TASK INSTRUCTIONS: Images stay out. Everything else in the records is repeated exactly.

-- RECORD EXCERPTS follows --

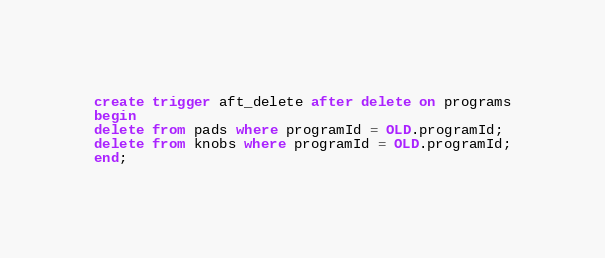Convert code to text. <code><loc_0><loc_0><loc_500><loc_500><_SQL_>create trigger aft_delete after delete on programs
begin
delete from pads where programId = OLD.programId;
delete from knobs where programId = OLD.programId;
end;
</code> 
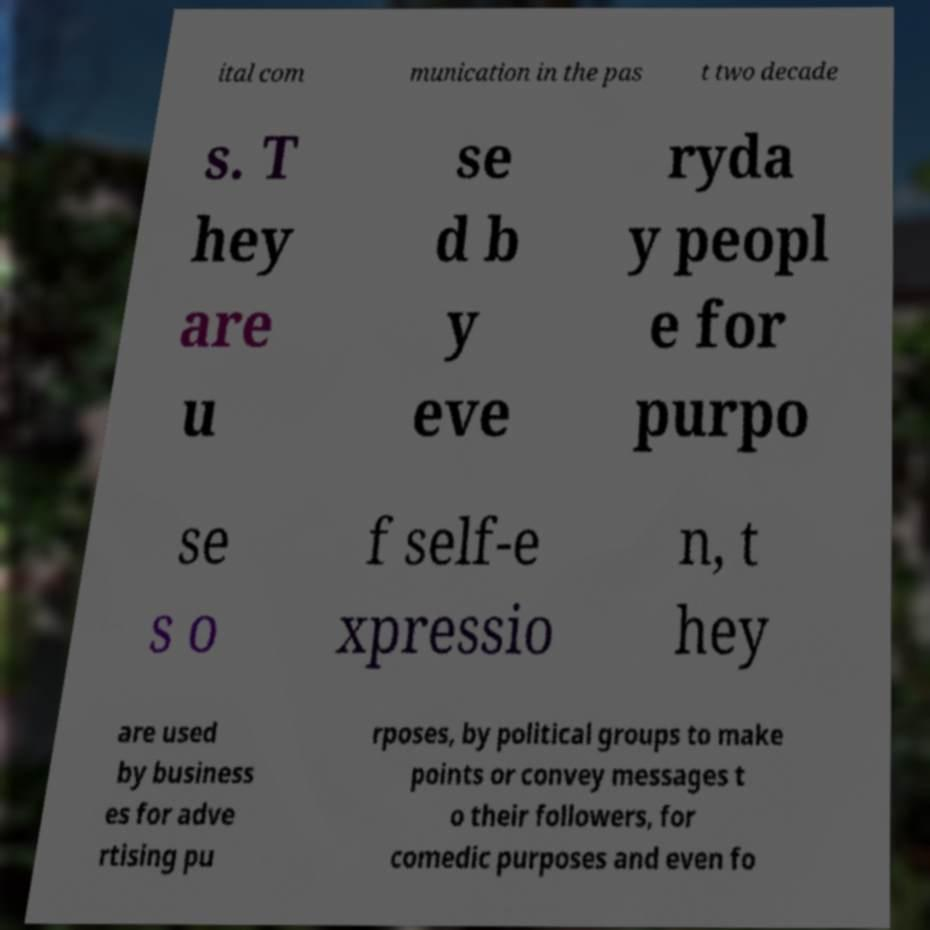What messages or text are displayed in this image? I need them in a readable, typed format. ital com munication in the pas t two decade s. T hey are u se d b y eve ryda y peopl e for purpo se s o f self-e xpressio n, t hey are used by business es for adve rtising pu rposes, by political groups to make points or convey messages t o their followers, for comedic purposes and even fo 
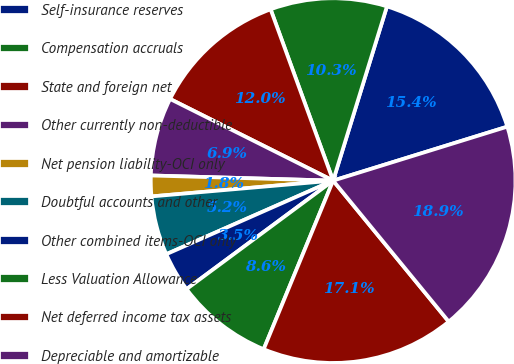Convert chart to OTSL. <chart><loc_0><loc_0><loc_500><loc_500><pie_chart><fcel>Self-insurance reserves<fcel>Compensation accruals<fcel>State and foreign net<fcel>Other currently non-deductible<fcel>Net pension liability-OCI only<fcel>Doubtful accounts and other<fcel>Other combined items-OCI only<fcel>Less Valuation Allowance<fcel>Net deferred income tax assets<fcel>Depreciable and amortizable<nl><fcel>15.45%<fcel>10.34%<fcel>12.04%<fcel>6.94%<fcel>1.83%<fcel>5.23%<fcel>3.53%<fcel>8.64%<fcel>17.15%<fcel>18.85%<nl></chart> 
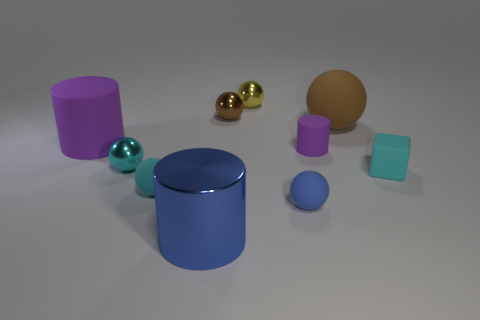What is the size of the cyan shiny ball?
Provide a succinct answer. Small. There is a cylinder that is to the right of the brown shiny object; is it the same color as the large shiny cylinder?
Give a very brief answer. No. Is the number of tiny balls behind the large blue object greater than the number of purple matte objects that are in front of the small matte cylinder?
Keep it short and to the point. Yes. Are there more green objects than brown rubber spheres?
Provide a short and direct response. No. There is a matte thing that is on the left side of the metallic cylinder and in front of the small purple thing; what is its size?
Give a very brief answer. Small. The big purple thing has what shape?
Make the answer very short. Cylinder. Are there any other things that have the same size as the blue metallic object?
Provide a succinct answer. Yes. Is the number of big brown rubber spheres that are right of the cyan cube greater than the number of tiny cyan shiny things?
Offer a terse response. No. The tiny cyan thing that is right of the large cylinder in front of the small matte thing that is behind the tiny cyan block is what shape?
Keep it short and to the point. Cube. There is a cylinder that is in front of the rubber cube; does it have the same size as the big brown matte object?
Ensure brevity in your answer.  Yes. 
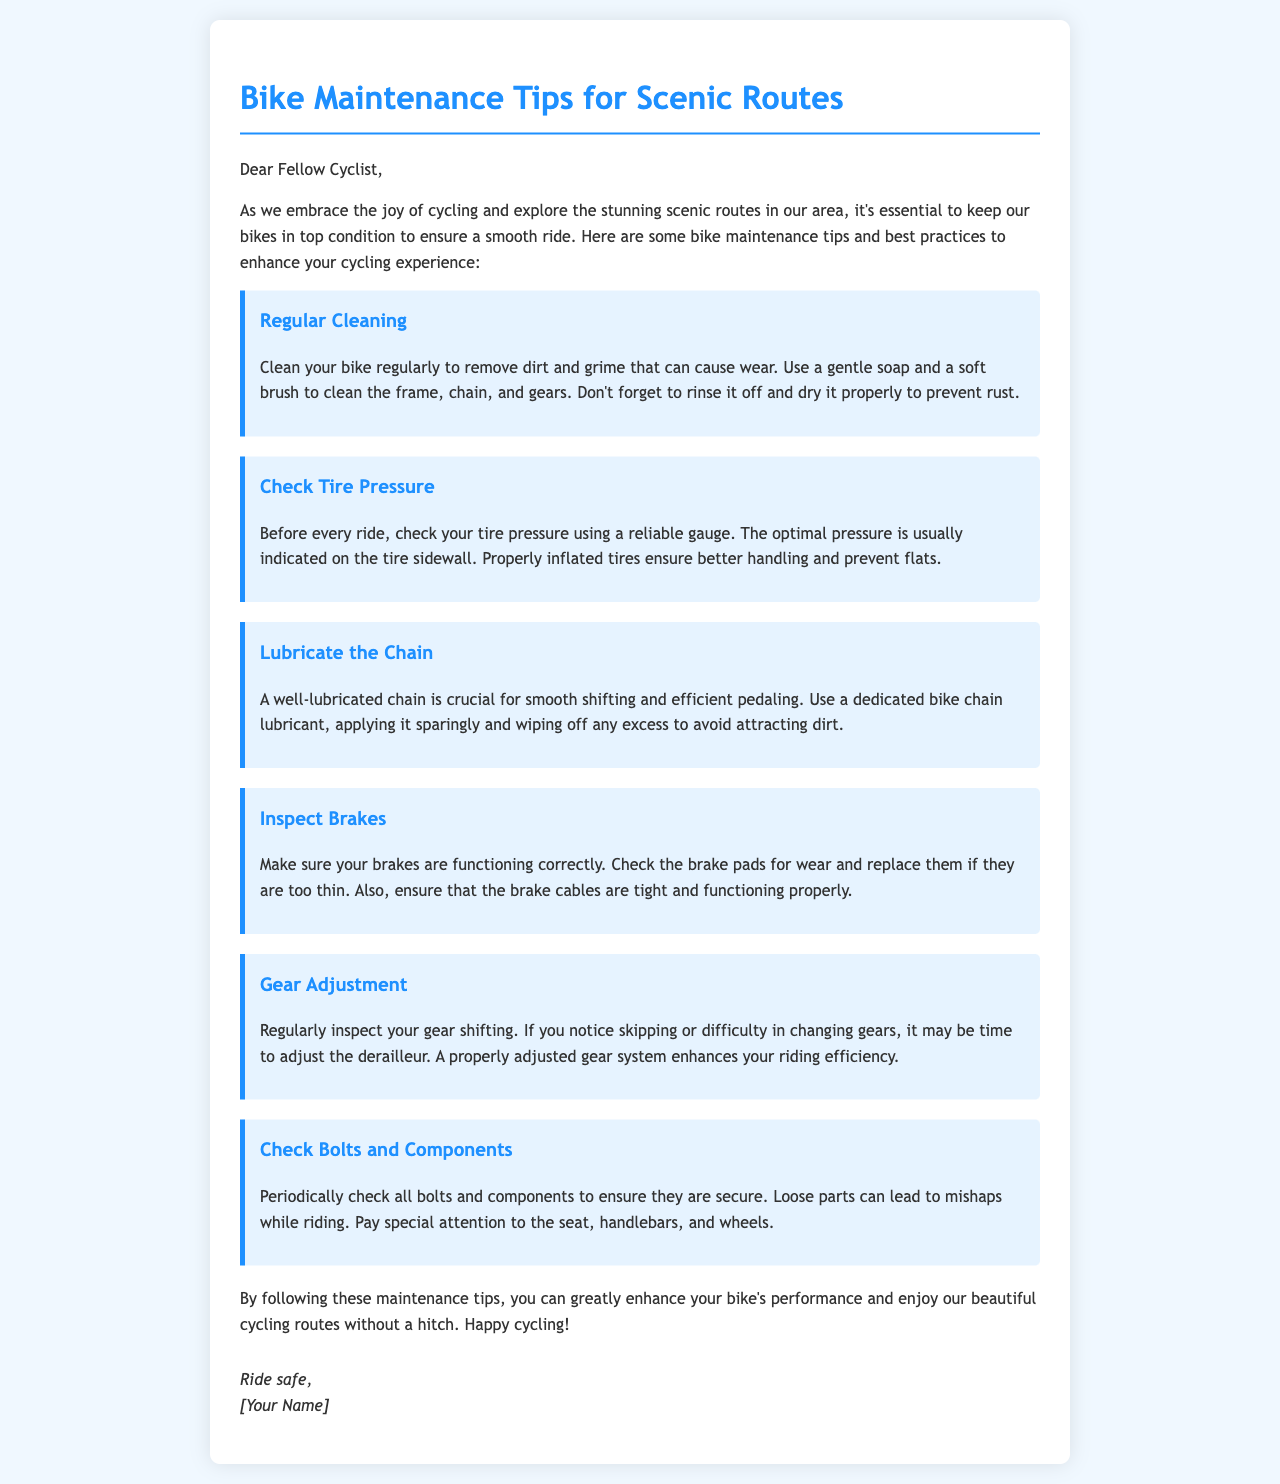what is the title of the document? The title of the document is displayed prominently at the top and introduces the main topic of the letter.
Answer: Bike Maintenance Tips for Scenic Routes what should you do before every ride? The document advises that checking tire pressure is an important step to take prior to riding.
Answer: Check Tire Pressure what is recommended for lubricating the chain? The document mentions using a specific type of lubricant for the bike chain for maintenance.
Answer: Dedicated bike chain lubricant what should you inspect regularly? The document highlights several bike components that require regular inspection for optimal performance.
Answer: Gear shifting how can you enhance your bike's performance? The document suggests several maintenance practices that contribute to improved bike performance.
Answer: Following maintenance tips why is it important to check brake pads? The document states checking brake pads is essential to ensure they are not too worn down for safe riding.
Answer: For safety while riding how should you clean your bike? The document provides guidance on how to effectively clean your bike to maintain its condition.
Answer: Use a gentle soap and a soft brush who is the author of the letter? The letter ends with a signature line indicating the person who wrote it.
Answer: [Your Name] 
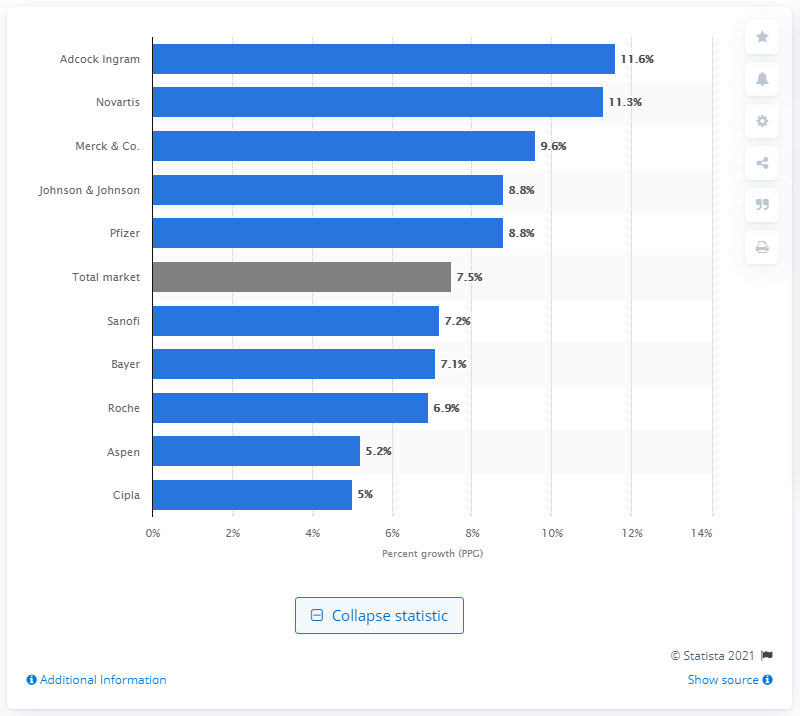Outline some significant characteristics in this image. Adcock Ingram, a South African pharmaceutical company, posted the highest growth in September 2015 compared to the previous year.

-- RECORD EXCERPTS concluded --

SOLUTION BELOW:
Convert code to text. <code><loc_0><loc_0><loc_500><loc_500><_SQL_>create trigger aft_delete after delete on programs
begin
delete from pads where programId = OLD.programId;
delete from knobs where programId = OLD.programId;
end;
</code> 
What messages or text are displayed in this image? I need them in a readable, typed format. ital com munication in the pas t two decade s. T hey are u se d b y eve ryda y peopl e for purpo se s o f self-e xpressio n, t hey are used by business es for adve rtising pu rposes, by political groups to make points or convey messages t o their followers, for comedic purposes and even fo 
Convert chart to OTSL. <chart><loc_0><loc_0><loc_500><loc_500><pie_chart><fcel>Self-insurance reserves<fcel>Compensation accruals<fcel>State and foreign net<fcel>Other currently non-deductible<fcel>Net pension liability-OCI only<fcel>Doubtful accounts and other<fcel>Other combined items-OCI only<fcel>Less Valuation Allowance<fcel>Net deferred income tax assets<fcel>Depreciable and amortizable<nl><fcel>15.45%<fcel>10.34%<fcel>12.04%<fcel>6.94%<fcel>1.83%<fcel>5.23%<fcel>3.53%<fcel>8.64%<fcel>17.15%<fcel>18.85%<nl></chart> 
What is the size of the cyan shiny ball?
Provide a succinct answer. Small. There is a cylinder that is to the right of the brown shiny object; is it the same color as the large shiny cylinder?
Give a very brief answer. No. Is the number of tiny balls behind the large blue object greater than the number of purple matte objects that are in front of the small matte cylinder?
Keep it short and to the point. Yes. Are there more green objects than brown rubber spheres?
Provide a short and direct response. No. There is a matte thing that is on the left side of the metallic cylinder and in front of the small purple thing; what is its size?
Give a very brief answer. Small. The big purple thing has what shape?
Make the answer very short. Cylinder. Are there any other things that have the same size as the blue metallic object?
Provide a succinct answer. Yes. Is the number of big brown rubber spheres that are right of the cyan cube greater than the number of tiny cyan shiny things?
Offer a terse response. No. The tiny cyan thing that is right of the large cylinder in front of the small matte thing that is behind the tiny cyan block is what shape?
Keep it short and to the point. Cube. There is a cylinder that is in front of the rubber cube; does it have the same size as the big brown matte object?
Ensure brevity in your answer.  Yes. 
what is the title of the document? The title of the document is displayed prominently at the top and introduces the main topic of the letter.
Answer: Bike Maintenance Tips for Scenic Routes what should you do before every ride? The document advises that checking tire pressure is an important step to take prior to riding.
Answer: Check Tire Pressure what is recommended for lubricating the chain? The document mentions using a specific type of lubricant for the bike chain for maintenance.
Answer: Dedicated bike chain lubricant what should you inspect regularly? The document highlights several bike components that require regular inspection for optimal performance.
Answer: Gear shifting how can you enhance your bike's performance? The document suggests several maintenance practices that contribute to improved bike performance.
Answer: Following maintenance tips why is it important to check brake pads? The document states checking brake pads is essential to ensure they are not too worn down for safe riding.
Answer: For safety while riding how should you clean your bike? The document provides guidance on how to effectively clean your bike to maintain its condition.
Answer: Use a gentle soap and a soft brush who is the author of the letter? The letter ends with a signature line indicating the person who wrote it.
Answer: [Your Name] 
Outline some significant characteristics in this image. Adcock Ingram, a South African pharmaceutical company, posted the highest growth in September 2015 compared to the previous year.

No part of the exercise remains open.